The Answer by Jeff Hatley

This might be more easily seen with a picture, but here is a written explanation.

First of all, since there are 5 couples total, there are 10 people total. Clearly, the least number of hands that one could shake was 0. The most was 8, since no one is shaking their own hand or their date’s hand.

When I ask everyone how many hands they shook, I get a different answer from each of the 9 people, which means that I hear every number from 0-8.

Now, consider the person who shook 8 hands (call him A). They must have shaken hands with everybody except their date (call her B). Since hand-shaking is symmetric, this means that everybody except B has shaken at least one hand, so B is the only person who could have possibly shaken 0 hands. Thus, we have A=8 and B=0.

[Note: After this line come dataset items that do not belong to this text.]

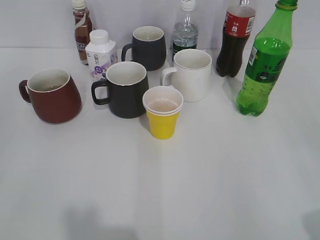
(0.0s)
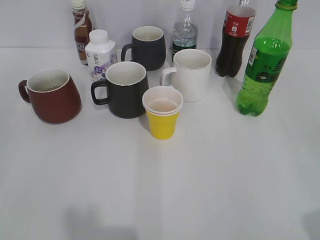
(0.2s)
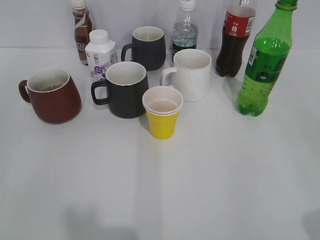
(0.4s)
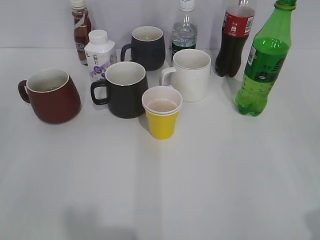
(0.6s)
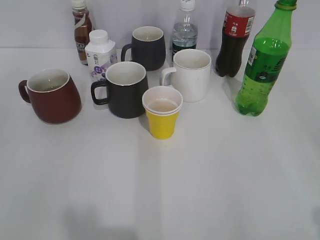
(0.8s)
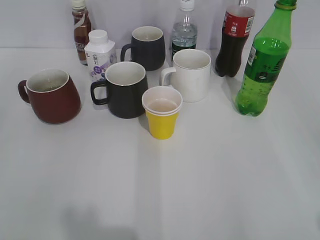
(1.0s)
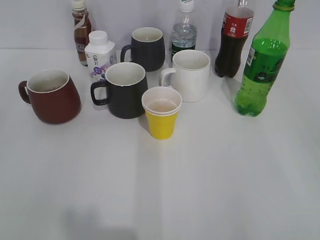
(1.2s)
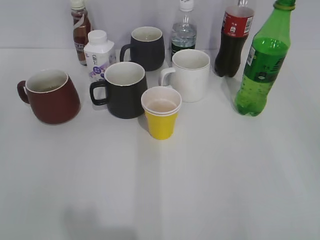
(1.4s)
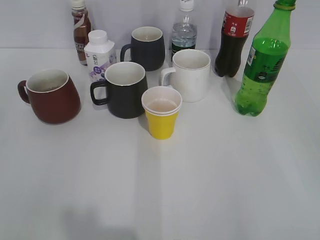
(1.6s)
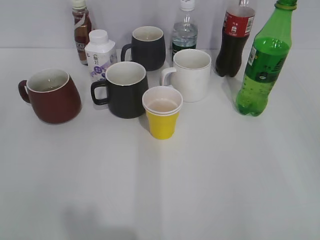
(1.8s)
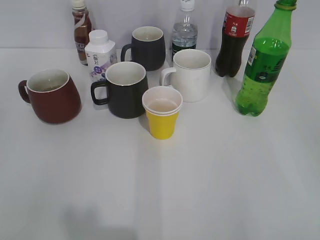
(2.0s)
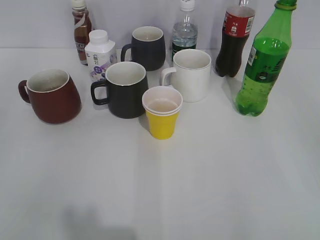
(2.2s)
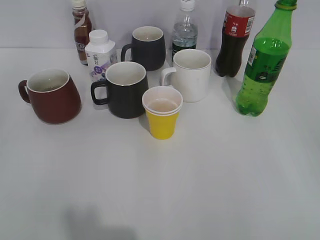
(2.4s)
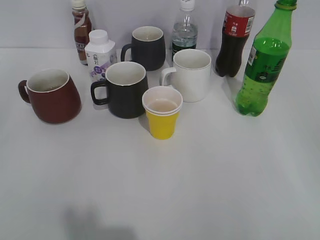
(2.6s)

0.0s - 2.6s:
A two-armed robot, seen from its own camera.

Now consider, from the remaining 8 people, the person who shook 7 hands (call him C). He has one handshake from A, and he can’t shake hands with B, himself, or his date (call her D). That means he must have shaken hands with every other person, and thus everybody except for D (and, of course, B) has shaken at least 2 hands. So the only person who could have possibly shaken 1 hand is D. Thus, C=7 and D=1.

Continuing in this way, we see that date/date pairs always shake a number of hands whose sum is 8. So we will get the pairs
(8,0)
(7,1)
(6,2)
(5,3)
(4,4)
I know that I represent one of those people, but which? Well, since everybody gave a different answer when I asked them how many hands they shook, I must have shaken 4 hands.